Exercise:
Pictures are to be left out, and only the lines below starting at the one with "List them by" and ending at the one with "Fill in this" are to be reproduced, each exactly, both ends included.

Records to use:

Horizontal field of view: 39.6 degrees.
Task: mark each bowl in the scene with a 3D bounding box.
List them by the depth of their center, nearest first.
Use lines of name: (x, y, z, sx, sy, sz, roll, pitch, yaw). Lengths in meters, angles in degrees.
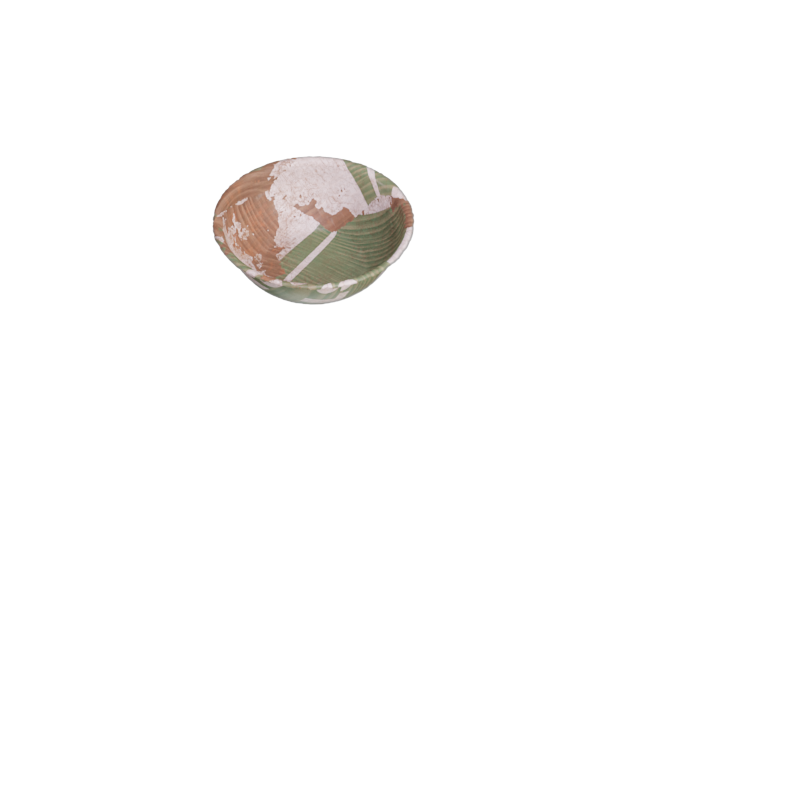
bowl: (-0.071, -0.129, 0.906, 0.162, 0.174, 0.051, -1, -44, -1)
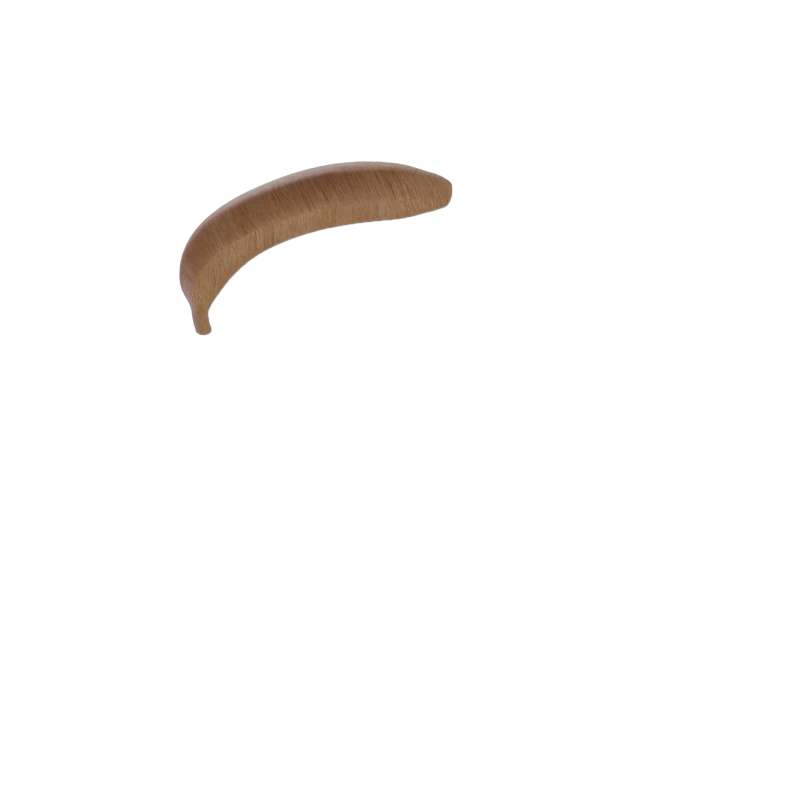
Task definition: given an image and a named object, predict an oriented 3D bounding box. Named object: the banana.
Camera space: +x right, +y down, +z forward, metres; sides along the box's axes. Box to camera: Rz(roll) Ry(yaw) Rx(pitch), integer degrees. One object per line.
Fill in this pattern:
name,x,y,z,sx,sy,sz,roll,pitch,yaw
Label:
banana,-0.067,-0.106,0.677,0.198,0.039,0.064,-24,-46,25
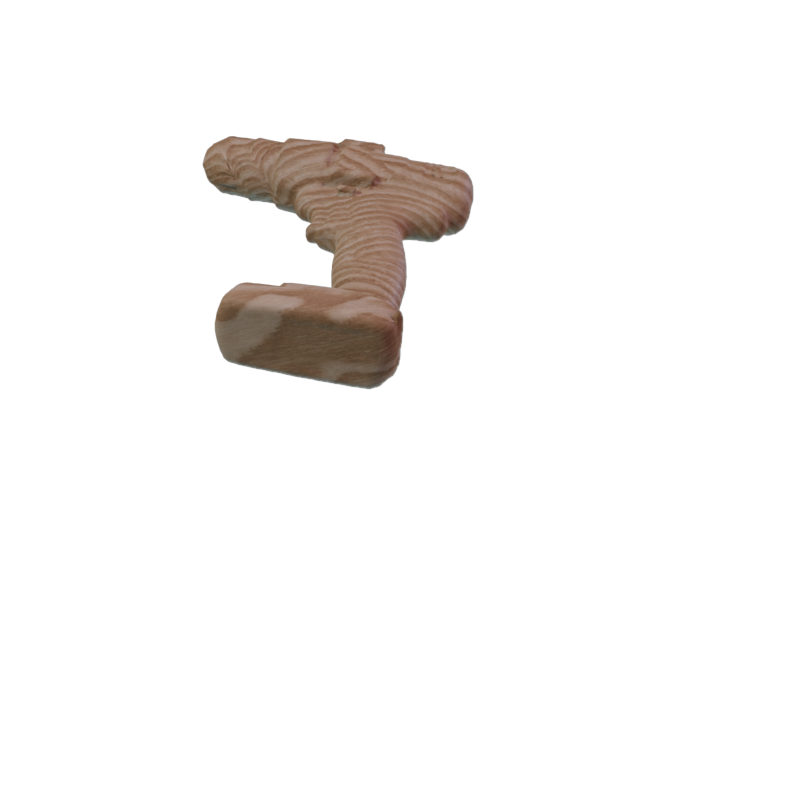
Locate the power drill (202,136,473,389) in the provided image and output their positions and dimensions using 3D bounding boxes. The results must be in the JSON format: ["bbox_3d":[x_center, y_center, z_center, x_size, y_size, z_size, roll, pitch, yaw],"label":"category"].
[{"bbox_3d":[-0.054,-0.099,0.694,0.187,0.053,0.198,8,45,8],"label":"power drill"}]
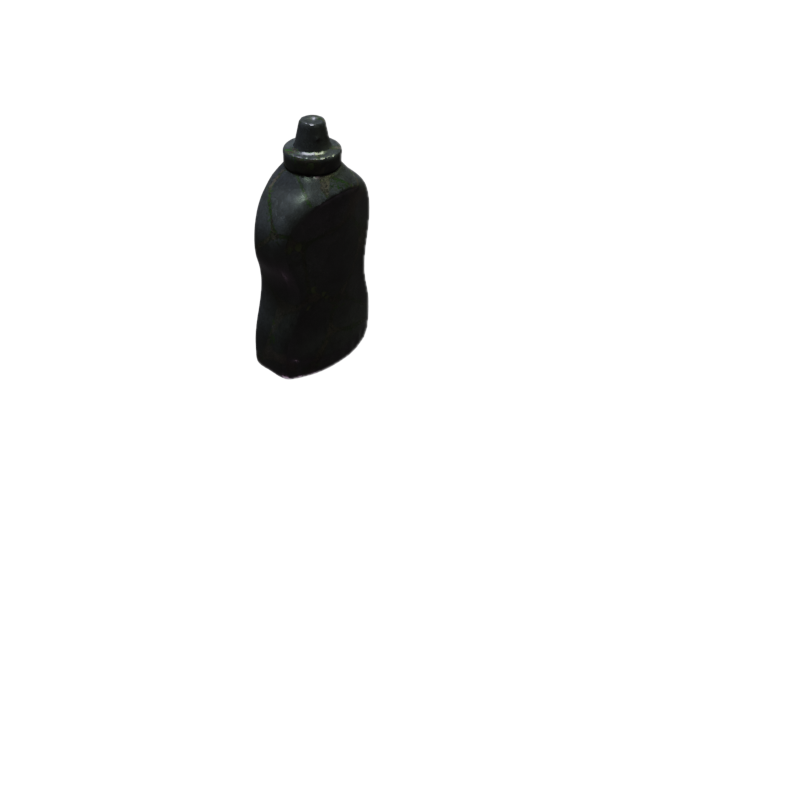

Reply:
List them by the depth of their center, nearest first.
Use lines of name: (x, y, z, sx, sy, sz, roll, pitch, yaw). Lengths in meters, angles in degrees.
bowl: (-0.071, -0.129, 0.906, 0.162, 0.174, 0.051, -1, -44, -1)
Task definition: given an image and a named object, predict an oriented 3D bounding box. Named object: the banana.
Camera space: +x right, +y down, +z forward, metres; sides along the box's axes. Box to camera: Rz(roll) Ry(yaw) Rx(pitch), integer degrees. One object per line.
Fill in this pattern:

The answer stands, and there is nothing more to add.